# [HOW TO COMPLETE THIS TASK]
Collect each line of the entries that holds the string "invented".

Data items:
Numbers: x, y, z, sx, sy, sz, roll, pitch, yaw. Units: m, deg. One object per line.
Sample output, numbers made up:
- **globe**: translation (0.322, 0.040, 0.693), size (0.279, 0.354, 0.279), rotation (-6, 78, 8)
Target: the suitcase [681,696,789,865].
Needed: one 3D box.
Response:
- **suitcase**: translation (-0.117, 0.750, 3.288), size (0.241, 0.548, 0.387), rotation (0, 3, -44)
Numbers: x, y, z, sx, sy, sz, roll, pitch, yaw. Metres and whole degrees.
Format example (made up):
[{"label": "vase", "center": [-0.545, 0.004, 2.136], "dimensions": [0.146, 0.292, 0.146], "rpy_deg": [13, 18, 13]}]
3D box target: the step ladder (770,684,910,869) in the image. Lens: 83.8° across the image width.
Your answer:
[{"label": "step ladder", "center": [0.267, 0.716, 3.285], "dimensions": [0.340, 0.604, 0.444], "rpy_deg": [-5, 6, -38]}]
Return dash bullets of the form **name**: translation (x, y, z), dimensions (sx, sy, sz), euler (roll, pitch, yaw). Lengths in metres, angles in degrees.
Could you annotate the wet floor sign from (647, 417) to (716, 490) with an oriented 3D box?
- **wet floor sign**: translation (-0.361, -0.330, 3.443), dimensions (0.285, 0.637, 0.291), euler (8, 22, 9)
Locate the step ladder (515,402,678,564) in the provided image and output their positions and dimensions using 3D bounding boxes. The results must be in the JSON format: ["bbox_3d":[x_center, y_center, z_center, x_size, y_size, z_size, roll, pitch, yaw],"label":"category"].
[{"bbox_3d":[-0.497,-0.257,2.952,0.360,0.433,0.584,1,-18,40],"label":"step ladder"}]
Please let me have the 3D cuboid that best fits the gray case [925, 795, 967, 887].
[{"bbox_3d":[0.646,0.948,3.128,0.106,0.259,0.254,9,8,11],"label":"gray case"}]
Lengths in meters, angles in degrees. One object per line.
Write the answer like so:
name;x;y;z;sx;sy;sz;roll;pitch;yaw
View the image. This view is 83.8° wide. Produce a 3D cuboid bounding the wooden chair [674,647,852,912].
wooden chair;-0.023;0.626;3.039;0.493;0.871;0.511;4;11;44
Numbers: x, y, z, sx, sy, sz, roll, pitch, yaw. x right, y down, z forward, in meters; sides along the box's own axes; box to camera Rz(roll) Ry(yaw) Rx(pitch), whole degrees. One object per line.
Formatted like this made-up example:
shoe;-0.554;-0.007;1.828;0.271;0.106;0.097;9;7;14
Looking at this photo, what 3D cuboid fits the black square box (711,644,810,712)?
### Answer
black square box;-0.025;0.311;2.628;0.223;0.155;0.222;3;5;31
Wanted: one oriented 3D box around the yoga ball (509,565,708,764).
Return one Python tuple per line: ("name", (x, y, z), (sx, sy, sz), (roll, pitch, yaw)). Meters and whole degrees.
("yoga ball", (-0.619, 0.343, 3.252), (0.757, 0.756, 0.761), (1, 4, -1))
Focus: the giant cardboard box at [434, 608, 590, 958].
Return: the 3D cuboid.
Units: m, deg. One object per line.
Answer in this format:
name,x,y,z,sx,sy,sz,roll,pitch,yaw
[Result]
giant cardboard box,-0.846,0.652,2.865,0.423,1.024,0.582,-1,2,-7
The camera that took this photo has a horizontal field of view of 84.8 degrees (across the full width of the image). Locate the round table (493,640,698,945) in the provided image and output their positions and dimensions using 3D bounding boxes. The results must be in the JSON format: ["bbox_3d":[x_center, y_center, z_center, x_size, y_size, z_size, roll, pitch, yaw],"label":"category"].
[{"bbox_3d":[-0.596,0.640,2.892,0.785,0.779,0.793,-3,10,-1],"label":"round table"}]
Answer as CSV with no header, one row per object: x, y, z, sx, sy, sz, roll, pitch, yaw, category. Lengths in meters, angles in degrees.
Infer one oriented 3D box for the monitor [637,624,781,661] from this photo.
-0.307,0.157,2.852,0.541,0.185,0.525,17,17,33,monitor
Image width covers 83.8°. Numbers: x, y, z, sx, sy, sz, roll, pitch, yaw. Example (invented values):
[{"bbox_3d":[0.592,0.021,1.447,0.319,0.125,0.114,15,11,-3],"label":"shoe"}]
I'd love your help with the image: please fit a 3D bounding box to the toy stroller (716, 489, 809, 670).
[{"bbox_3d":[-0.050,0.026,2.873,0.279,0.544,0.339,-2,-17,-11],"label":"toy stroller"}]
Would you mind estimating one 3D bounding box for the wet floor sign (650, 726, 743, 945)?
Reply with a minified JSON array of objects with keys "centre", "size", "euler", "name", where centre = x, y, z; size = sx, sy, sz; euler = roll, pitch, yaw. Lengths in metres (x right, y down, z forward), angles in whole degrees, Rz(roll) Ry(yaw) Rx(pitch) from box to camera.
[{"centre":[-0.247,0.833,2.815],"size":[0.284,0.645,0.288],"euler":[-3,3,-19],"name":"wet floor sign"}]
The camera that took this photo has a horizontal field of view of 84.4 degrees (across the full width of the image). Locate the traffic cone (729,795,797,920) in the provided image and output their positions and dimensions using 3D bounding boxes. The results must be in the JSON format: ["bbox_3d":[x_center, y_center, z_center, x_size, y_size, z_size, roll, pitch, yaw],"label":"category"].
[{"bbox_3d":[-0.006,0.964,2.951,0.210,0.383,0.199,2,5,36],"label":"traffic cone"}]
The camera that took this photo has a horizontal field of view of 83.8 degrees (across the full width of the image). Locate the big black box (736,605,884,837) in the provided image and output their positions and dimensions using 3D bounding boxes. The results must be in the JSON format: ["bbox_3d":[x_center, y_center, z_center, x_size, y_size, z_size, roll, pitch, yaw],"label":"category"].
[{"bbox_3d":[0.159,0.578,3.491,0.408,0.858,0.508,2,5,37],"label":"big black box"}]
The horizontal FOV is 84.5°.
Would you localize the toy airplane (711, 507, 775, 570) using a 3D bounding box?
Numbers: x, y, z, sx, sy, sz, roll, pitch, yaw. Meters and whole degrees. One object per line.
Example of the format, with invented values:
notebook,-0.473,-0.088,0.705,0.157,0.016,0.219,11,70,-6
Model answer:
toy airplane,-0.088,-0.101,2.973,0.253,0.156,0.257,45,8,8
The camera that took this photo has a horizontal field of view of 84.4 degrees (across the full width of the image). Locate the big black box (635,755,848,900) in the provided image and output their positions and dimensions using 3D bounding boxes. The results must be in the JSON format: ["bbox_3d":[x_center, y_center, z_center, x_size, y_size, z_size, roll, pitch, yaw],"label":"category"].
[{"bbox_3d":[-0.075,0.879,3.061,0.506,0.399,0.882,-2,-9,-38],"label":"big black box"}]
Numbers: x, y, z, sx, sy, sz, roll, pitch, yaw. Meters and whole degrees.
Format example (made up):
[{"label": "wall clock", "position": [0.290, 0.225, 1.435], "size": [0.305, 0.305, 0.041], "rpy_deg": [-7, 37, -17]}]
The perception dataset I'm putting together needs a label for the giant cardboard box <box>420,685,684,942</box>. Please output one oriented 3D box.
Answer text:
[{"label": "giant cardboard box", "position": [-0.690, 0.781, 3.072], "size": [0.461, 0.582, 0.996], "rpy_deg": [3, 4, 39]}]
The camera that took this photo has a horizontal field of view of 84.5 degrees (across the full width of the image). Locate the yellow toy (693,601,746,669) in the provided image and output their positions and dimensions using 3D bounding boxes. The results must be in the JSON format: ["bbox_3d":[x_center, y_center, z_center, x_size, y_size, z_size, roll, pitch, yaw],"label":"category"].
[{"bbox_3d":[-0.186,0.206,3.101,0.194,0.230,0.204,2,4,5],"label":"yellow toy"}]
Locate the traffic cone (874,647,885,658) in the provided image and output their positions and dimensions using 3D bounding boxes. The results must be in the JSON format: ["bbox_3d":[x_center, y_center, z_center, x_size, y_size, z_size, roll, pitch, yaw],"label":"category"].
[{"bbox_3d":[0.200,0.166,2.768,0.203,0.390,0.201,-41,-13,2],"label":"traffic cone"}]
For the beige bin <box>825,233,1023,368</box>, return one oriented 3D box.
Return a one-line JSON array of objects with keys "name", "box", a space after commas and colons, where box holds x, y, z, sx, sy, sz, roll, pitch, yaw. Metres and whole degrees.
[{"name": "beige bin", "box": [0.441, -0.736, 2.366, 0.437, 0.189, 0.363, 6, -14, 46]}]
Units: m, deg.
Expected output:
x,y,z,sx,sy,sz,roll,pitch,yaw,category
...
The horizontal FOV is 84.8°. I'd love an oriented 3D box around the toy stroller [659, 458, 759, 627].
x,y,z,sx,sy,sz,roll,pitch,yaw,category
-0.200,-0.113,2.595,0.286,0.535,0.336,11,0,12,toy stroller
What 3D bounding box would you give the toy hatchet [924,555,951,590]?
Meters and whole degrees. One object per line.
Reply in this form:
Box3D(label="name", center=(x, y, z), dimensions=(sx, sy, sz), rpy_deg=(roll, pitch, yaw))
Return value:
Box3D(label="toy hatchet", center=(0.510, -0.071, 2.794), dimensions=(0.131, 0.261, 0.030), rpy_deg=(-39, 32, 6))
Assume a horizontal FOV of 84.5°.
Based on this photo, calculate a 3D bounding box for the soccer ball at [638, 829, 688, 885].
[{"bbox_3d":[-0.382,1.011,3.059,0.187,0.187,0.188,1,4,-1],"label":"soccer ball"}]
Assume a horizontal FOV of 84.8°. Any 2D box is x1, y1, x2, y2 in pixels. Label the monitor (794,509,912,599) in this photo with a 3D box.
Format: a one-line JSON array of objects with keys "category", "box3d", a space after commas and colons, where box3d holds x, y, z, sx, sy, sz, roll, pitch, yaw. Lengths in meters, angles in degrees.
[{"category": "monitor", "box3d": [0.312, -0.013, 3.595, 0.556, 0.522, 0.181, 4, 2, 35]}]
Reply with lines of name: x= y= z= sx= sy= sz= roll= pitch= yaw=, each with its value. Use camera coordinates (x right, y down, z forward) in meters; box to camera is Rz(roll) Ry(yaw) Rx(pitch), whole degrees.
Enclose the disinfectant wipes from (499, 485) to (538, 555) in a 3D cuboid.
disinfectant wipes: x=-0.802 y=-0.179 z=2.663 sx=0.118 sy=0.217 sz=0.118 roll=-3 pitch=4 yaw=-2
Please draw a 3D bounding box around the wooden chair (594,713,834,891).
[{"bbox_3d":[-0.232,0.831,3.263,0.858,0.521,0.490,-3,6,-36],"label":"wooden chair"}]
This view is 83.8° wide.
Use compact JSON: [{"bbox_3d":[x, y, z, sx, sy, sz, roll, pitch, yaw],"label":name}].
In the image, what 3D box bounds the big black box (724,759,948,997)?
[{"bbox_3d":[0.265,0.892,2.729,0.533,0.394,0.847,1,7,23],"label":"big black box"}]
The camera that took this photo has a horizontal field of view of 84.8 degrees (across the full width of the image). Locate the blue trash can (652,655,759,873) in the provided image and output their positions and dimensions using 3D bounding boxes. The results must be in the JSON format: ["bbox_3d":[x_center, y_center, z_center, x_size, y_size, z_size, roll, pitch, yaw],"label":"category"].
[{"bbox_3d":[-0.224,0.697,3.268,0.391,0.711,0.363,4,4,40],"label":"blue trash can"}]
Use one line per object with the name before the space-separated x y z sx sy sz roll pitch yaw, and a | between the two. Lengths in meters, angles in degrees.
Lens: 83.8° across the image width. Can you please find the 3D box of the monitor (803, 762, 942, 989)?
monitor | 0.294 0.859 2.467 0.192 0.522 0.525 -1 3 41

# [ANSWER TO THIS EXERCISE]
Image width covers 83.8°. Numbers: x, y, z, sx, sy, sz, roll, pitch, yaw. Example (invented values):
Example of the format, with invented values:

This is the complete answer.